Il quale non parla di paesaggi ma di ‘natura’: concetto molto più vasto e inclusivo della raffigurazione di un paesaggio. Non solo: egli non concepisce l’arte come ricerca del bello, ma come strumento in grado di produrre “effetti sull’anima” e di “mettere la mente in uno stato d’animo bello” che non è il piacevole allo sguardo, ma il ‘sublime’ che agisce sull’animo e di cui rivendicava il primato sul ‘bello’. Egli faceva suo il pensiero estetico già espresso nel 1757 dal filosofo inglese Edmond Burke: “Tutto ciò che può destare idee di dolore e di pericolo, ossia tutto ciò che è in un certo senso terribile o che riguarda oggetti terribili, o che agisce in modo analogo al terrore, è fonte del Sublime: è ciò che produce la più forte emozione che l’anima sia in grado di recepire”. Lo si veda nel suo piccolo ma preziosissimo dipinto, vero orgoglio del museo di Winterthur, ‘Le bianche scogliere di Rugen’, del 1818, che fa da apertura alla mostra.

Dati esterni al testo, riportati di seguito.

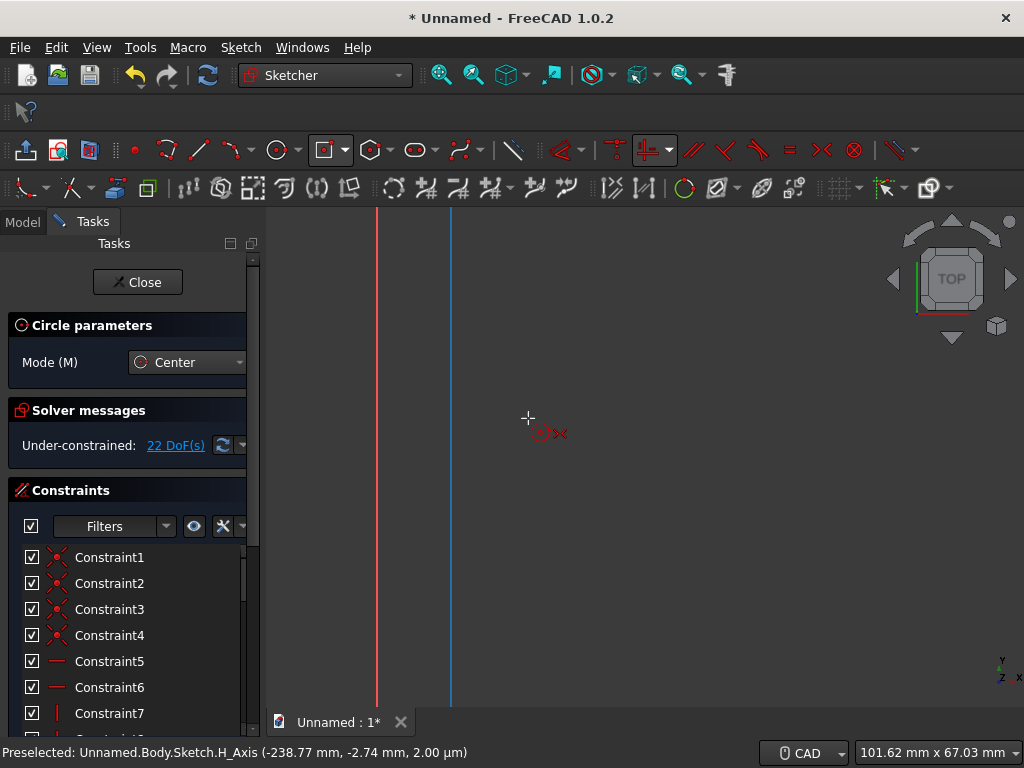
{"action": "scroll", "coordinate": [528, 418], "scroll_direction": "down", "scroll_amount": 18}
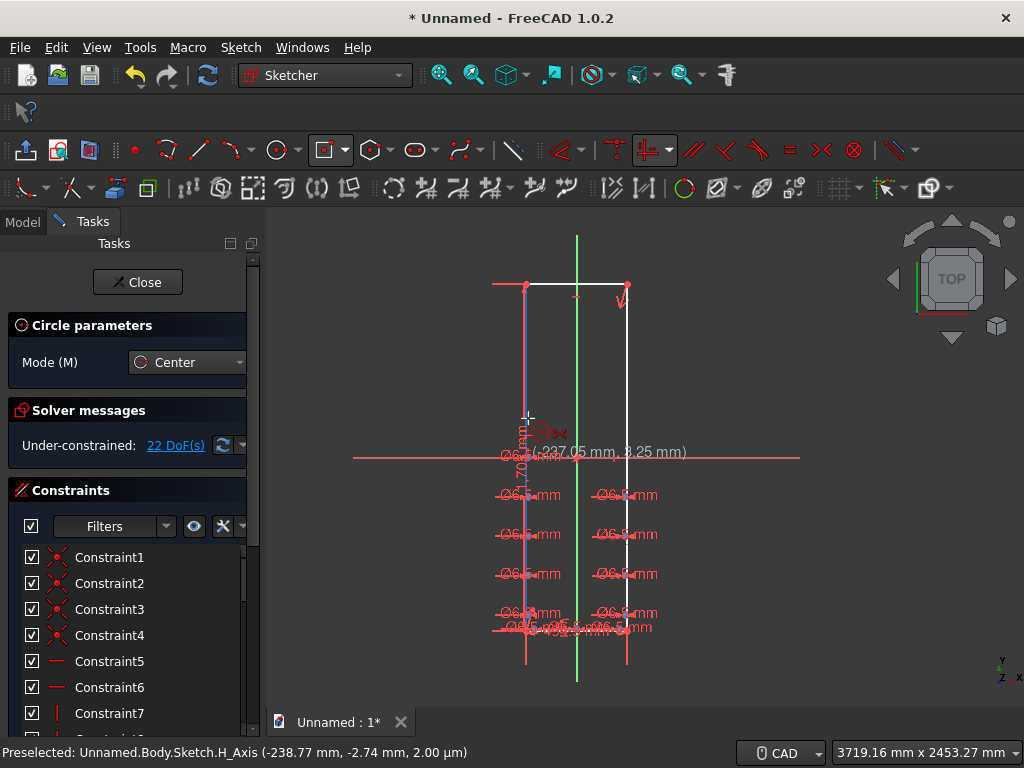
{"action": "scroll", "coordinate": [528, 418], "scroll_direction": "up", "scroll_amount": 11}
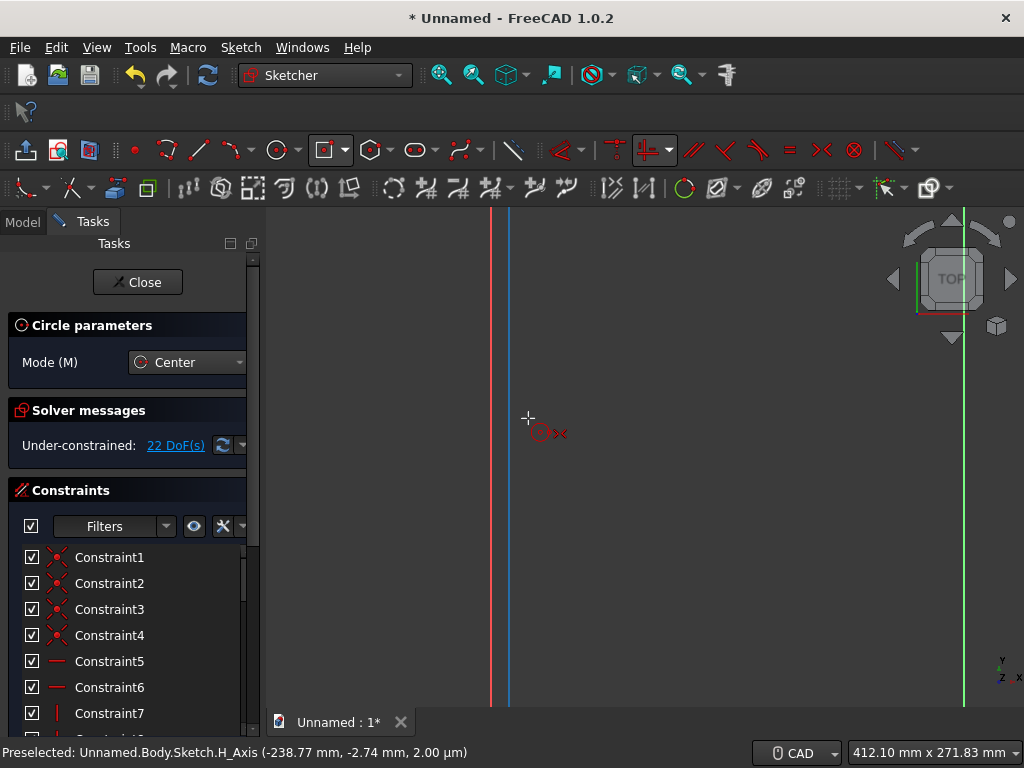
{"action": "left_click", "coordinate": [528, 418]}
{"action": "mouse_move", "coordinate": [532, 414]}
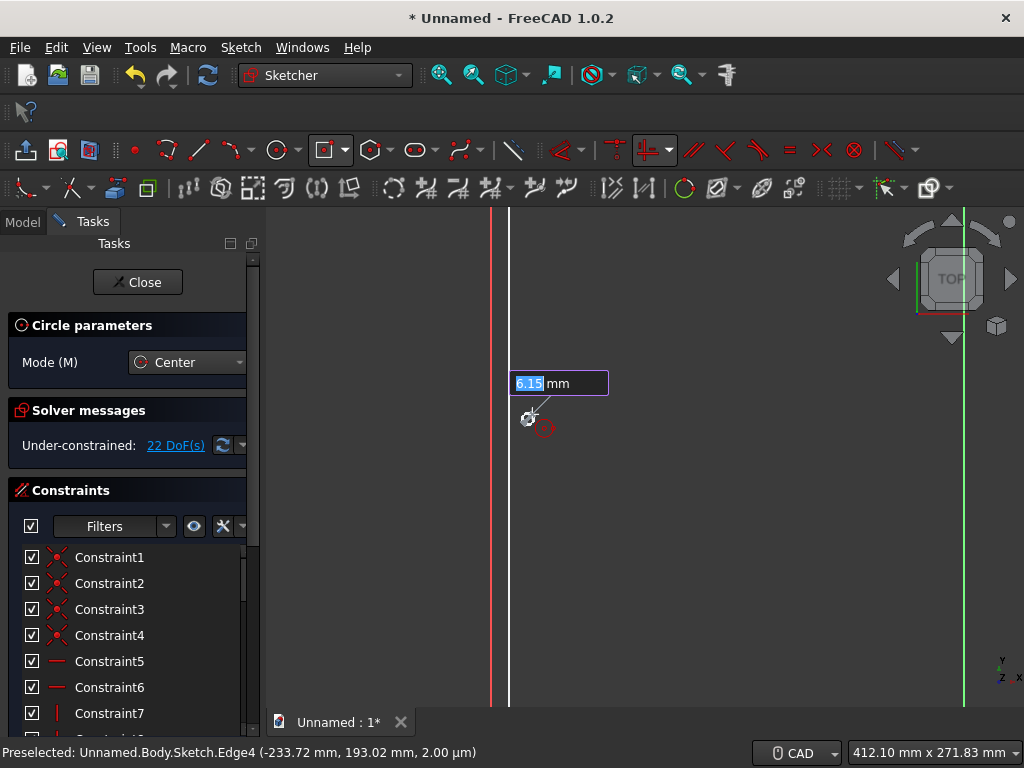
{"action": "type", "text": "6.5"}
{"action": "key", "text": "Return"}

Quegli uomini che si spingono sulla sommità della scogliera, fin sull’orlo del baratro, avvertono tutta la loro fragilità e piccolezza in cortocircuito con l’immensità di cielo e mare che si congiungono all’orizzonte lontano; mentre quell’esile vela che per un breve attimo attraversa il campo visivo, da un confine all’altro, altro non può che far pensare al lento ma inesorabile scorrere della vita.